Einfuhr- und Ausfuhrabgaben bestimmen sich nach Art. 5 Nr. 20 und Nr. 21 des UZK. Sie sind gemäß § 3 Abs. 3 Satz 1 Steuern i.S.d. AO.
Die Vorschrift – obschon bereits seit den 70er Jahren des 20. Jahrhunderts existent – hatte zunächst keine praktische Bedeutung, da in der früheren Fassung ein Satz 3 vorgesehen war, der die Anwendung von einer Rechtsverordnung abhängig machte, die zum Inhalt hatte, dass hinsichtlich des strafrechtlichen Schutzes eine entsprechende gegenseitige Schutzvorschrift im anderen Mitgliedsstaat existierte. Da eine entsprechende Verordnung nie erlassen wurde, konnte Abs. 6 nicht zur Anwendung kommen.[1] Satz 3 mit dem Erfordernis der Verordnung über den gegenseitigen strafrechtlichen Schutz wurde jedoch mit dem Jahressteuergesetz 2010[2] mit Wirkung zum 14.10.2010 gestrichen.[3]

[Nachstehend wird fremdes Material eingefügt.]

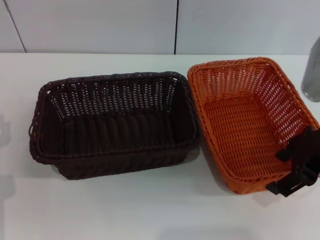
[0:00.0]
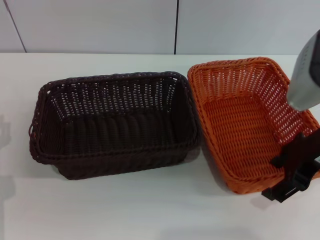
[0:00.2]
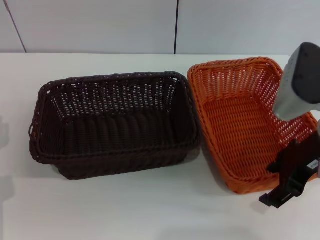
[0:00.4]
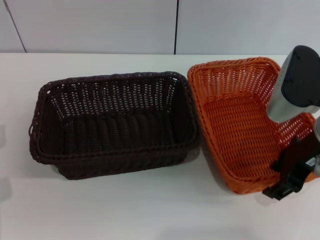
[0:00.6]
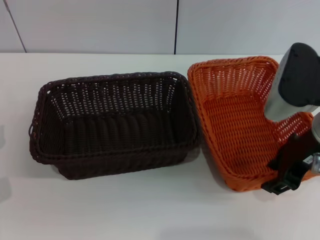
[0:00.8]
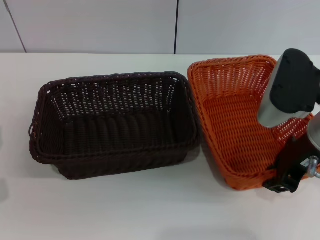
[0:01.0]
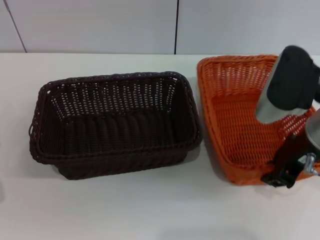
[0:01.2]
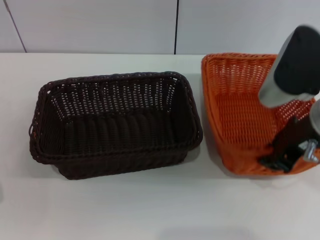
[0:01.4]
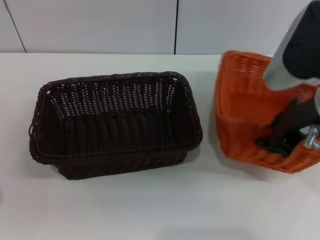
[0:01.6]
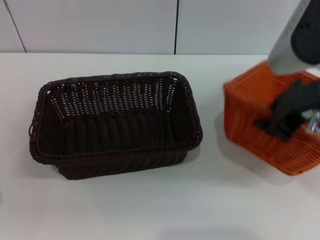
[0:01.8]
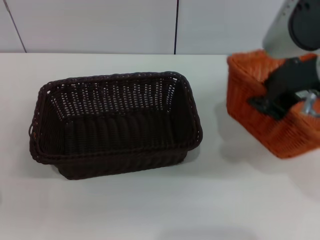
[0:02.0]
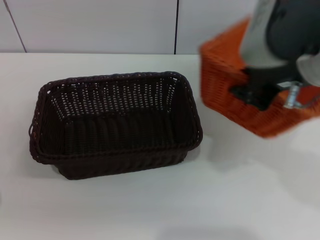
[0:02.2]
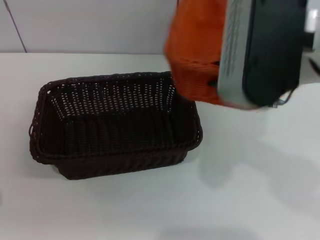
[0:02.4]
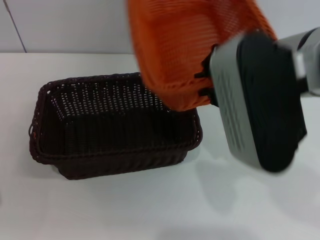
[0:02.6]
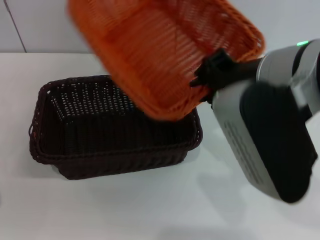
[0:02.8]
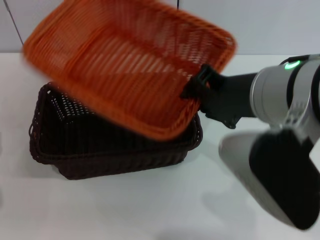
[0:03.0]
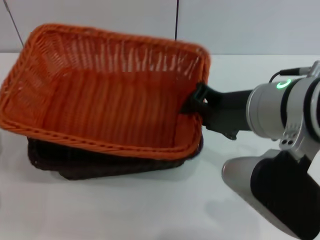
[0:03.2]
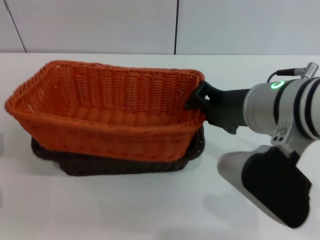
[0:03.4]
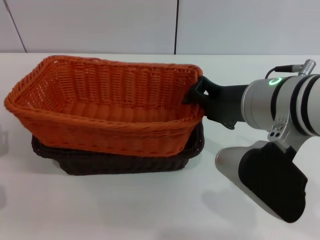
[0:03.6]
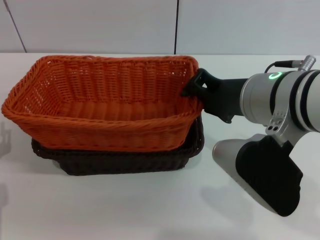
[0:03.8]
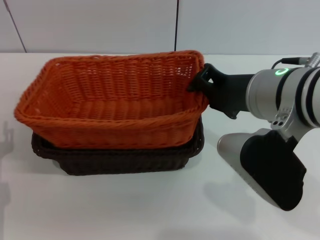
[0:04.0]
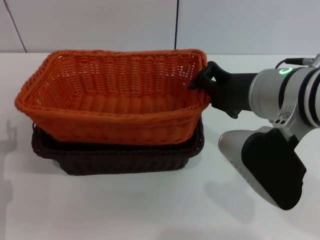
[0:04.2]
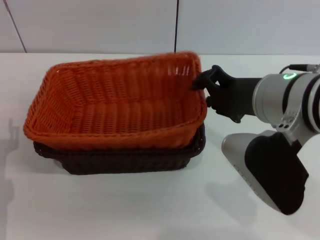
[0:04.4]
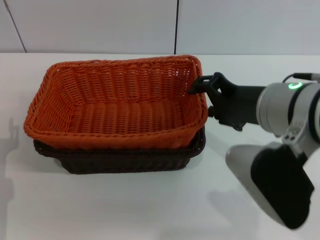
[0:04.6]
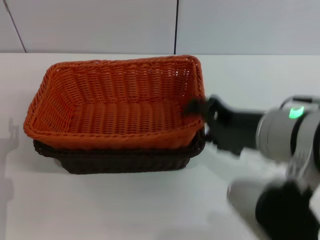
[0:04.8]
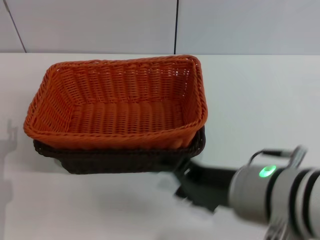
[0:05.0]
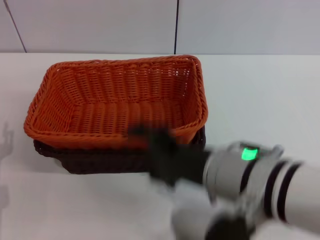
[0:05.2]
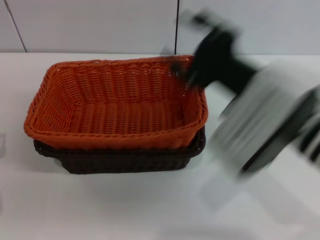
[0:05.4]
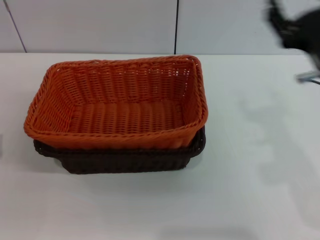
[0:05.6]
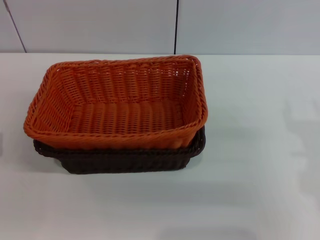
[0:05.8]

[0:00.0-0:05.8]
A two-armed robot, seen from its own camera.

Für die Strafbarkeit als Steuerhinterziehung kommt es gemäß Abs. 6 Satz 1 nicht darauf an, ob diese Abgaben in Deutschland oder in einem anderen Mitgliedsstaat der Europäischen Union verwaltet werden. Neben den Mitgliedsstaaten der EU werden auch Staaten erfasst, die eine Europäische Freihandelsassoziation einbezogen sind. Dies sind derzeit Norwegen, Island, Liechtenstein und die Schweiz. Gleiches gilt gemäß Satz 2 für die Umsatzsteuer und die harmonisierten Verbrauchssteuern. Dies allerdings nur für Mitgliedsstaaten der EU, da es über diesen Kreis hinaus keine harmonisierten Umsatzsteuer- und Verbrauchssteuerregelungen geben kann.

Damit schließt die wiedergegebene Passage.